Однако скоро Ермака настигло это несчастье — Бог не помог, и он лишился Ивана Кольца, видимо, предчувствовавшего свою гибель.
Мурза или князь Карача, оставив своего царя Кучума в невзгоде, имел на Таре многолюдный улус, лазутчиков в Искоре и единомышленников во всех соседних юртах. Он, видимо, хотел сделаться избавителем отечества и выжидал время, усыпляя бдительность русских наружной покорностью.
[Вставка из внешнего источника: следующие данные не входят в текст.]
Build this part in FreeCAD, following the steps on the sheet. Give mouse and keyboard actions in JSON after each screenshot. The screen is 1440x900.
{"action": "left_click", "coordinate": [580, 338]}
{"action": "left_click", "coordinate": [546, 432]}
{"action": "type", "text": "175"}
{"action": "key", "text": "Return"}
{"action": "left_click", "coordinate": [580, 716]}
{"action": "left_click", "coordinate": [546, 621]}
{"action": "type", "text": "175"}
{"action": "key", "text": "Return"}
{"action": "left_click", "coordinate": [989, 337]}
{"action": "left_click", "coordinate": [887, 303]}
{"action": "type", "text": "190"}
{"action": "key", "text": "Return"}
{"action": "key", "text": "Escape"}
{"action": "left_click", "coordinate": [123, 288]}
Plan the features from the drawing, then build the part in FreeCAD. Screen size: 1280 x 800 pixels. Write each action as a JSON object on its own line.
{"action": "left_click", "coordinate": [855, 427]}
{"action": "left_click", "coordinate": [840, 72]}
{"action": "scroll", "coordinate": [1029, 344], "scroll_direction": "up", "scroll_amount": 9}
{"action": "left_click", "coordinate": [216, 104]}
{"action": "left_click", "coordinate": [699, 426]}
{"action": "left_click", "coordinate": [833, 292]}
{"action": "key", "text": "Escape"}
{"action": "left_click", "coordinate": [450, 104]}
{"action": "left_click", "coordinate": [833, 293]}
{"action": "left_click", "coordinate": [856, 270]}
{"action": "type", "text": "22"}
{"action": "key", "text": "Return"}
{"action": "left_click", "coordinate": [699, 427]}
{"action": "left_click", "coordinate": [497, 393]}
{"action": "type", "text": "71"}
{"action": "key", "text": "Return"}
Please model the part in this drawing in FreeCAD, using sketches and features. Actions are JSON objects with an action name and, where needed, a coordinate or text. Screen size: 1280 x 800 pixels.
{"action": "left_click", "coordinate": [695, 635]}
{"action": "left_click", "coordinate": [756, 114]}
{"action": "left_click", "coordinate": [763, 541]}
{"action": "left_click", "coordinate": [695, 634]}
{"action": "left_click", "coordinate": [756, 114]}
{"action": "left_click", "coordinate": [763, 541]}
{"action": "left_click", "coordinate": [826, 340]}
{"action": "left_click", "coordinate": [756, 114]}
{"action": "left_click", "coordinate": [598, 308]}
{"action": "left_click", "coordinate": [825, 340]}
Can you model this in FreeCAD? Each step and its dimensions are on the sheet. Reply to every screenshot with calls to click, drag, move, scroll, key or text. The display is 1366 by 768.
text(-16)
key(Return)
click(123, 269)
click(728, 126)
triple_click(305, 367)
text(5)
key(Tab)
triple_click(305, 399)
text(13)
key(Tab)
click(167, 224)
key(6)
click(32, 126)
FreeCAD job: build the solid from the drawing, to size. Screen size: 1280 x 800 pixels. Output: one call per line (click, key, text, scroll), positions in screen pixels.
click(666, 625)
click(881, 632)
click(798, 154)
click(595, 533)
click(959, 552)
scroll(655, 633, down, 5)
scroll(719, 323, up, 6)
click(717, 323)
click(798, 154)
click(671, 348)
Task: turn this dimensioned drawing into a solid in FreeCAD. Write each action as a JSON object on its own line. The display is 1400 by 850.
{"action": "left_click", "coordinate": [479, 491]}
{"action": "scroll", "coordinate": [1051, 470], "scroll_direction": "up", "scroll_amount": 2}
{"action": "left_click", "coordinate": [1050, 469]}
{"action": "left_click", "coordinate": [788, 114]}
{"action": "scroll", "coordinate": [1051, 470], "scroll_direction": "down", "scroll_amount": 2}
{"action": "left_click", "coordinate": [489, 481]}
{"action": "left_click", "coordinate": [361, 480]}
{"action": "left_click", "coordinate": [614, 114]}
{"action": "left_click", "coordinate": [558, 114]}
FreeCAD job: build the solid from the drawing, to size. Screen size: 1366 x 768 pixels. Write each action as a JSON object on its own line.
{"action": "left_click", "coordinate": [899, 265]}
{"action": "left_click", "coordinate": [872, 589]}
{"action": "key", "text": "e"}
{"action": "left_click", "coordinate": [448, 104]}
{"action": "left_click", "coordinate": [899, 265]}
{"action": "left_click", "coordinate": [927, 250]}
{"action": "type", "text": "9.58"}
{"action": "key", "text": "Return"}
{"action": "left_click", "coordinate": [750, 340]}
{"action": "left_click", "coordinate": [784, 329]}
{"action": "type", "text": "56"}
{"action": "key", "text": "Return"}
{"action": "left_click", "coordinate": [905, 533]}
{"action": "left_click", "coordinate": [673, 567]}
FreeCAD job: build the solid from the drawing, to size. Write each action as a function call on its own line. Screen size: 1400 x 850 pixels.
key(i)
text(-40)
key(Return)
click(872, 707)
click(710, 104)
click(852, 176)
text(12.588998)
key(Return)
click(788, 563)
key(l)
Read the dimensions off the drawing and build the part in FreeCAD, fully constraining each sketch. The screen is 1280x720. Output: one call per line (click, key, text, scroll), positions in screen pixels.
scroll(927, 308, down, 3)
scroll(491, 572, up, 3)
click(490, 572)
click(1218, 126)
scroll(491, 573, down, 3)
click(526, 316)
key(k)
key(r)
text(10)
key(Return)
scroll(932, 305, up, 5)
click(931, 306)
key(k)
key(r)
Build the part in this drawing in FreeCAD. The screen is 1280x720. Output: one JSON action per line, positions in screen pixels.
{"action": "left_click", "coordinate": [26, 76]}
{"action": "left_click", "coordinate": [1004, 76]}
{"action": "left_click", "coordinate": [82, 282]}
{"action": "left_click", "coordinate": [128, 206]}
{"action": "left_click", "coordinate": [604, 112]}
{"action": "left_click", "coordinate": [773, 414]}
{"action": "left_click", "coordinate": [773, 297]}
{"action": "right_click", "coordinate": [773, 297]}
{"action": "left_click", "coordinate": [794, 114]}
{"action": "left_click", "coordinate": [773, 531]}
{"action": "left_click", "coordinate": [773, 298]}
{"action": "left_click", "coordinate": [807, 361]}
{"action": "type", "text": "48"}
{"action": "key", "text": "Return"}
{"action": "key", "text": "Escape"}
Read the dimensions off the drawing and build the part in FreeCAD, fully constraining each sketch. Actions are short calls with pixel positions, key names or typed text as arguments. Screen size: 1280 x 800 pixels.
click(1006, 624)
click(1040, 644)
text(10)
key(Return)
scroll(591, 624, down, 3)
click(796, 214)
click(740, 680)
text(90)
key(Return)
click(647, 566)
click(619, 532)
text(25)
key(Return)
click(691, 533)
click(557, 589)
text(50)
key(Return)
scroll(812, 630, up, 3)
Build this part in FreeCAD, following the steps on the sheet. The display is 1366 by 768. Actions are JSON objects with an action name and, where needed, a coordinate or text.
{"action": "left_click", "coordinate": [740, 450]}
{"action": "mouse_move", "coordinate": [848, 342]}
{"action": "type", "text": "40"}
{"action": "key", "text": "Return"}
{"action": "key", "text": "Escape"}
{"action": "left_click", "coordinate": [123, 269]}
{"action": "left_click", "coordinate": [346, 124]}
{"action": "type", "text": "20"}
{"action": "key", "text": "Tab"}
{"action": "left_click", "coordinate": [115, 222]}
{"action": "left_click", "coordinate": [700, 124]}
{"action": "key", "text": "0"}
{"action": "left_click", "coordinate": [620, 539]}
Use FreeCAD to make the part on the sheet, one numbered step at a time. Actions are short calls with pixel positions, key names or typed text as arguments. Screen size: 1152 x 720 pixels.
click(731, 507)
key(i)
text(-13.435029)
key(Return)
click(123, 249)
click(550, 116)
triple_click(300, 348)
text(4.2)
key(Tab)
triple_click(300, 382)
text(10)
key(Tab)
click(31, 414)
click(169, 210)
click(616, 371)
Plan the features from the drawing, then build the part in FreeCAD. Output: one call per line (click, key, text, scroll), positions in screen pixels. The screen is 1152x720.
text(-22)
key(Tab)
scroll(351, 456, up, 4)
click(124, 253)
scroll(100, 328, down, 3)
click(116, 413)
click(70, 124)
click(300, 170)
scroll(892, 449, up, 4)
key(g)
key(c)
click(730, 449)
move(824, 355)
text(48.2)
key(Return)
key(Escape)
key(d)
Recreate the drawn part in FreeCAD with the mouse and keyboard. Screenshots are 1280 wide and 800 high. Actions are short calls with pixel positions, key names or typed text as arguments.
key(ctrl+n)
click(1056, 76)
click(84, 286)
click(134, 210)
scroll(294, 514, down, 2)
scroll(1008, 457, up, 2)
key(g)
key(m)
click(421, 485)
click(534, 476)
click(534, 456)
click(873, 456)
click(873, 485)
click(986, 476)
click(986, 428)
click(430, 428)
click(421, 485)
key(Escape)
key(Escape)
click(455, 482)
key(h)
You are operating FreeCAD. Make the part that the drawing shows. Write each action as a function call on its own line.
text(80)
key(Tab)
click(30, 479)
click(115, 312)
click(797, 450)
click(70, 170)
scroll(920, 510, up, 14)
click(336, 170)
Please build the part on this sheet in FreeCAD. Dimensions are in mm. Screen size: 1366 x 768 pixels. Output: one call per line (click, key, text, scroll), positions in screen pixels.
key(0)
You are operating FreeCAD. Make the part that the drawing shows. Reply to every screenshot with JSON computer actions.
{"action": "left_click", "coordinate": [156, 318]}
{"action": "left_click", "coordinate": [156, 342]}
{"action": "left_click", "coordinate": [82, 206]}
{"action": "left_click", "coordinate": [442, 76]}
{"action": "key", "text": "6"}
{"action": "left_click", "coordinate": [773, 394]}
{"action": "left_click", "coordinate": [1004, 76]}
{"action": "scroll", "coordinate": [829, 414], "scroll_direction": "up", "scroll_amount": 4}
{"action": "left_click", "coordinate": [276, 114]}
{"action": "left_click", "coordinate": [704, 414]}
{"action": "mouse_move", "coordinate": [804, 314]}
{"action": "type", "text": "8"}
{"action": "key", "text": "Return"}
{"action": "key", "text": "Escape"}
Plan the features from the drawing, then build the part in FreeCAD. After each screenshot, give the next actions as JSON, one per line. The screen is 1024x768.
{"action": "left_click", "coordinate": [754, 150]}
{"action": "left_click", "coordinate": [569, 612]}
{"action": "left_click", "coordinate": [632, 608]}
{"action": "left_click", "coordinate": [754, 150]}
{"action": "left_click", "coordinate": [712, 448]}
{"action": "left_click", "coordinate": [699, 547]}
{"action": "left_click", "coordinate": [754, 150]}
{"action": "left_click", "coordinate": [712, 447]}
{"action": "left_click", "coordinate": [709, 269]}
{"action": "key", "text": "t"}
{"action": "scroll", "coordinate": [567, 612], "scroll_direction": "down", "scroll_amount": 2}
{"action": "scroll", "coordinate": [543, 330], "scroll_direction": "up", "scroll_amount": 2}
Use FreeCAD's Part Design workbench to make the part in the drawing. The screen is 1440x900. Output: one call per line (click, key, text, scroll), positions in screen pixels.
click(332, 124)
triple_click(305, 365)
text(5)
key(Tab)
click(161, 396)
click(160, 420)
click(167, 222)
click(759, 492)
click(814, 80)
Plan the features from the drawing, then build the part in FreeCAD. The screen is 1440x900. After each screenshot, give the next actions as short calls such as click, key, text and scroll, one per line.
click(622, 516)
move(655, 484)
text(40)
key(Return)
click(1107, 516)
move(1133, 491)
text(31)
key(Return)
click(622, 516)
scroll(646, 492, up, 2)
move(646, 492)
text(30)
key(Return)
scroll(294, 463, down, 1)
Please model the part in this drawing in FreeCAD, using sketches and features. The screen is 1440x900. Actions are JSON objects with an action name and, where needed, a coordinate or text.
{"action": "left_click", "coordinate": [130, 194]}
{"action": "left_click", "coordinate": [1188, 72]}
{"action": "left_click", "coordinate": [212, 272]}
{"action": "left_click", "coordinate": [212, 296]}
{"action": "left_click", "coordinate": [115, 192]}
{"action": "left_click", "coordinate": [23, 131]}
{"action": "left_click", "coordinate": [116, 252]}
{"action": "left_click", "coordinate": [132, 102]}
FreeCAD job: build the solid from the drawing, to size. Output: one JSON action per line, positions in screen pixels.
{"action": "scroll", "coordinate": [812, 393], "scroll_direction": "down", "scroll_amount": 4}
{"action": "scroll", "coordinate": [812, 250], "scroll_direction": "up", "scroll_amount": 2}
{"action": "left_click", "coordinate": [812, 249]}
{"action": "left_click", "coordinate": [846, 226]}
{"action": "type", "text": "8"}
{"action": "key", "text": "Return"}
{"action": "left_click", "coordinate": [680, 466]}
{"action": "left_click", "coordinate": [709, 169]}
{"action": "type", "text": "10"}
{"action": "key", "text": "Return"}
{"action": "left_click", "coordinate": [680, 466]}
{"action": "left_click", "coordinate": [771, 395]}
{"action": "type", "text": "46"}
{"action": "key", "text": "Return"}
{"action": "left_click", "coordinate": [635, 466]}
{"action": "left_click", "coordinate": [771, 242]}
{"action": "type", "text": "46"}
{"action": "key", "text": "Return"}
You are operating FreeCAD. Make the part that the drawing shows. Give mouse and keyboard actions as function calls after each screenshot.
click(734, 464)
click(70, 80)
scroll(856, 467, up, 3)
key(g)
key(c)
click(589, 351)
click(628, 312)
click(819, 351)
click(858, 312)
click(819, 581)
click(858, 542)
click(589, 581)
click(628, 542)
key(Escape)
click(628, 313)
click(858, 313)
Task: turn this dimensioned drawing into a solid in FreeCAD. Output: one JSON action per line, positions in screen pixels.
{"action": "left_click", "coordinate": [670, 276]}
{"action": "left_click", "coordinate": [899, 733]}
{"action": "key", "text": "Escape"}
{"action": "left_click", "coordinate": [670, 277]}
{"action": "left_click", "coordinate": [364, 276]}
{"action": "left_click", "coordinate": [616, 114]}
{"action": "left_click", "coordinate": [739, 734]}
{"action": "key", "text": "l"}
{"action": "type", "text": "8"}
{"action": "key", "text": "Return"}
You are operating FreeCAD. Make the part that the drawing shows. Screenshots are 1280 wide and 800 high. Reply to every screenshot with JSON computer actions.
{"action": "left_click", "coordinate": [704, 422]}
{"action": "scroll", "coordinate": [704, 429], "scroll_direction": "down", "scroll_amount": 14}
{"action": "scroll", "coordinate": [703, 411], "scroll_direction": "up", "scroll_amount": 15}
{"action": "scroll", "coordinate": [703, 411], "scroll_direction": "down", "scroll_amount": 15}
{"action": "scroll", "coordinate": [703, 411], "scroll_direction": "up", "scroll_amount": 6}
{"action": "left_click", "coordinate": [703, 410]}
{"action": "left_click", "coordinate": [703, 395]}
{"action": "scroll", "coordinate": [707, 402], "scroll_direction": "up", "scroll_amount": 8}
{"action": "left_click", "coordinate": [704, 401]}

Вскоре по приезде Ермака Тимофеевича он прислал послов с дарами, прося защиты казаков от ногаев, будто бы угрожавших его улусу. Ермак поверил и послал к нему в помощь Ивана Кольца с сорока лучшими воинами.
Эта горсть отважных людей могла бы двумя или тремя залпами рассеять тысячи дикарей, но, влекомые судьбою на гибель казаки шли к мнимым друзьям без всякой опаски и мирно стали под ножи убийц.
Первый герой, друг и есаул Ермака и его воины, львы в сечах, пали, как агнцы, на пути в татарский улус. Только один спасшийся от предательской резни казак, явившись в Искор, сообщил о смерти славного есаула и его товарищей.
Как дикий зверь, заревел Ермак Тимофеевич, получив это ужасное известие и, тотчас собрав людей, поспешил с ними на место коварной засады, приготовленной мнимыми друзьями.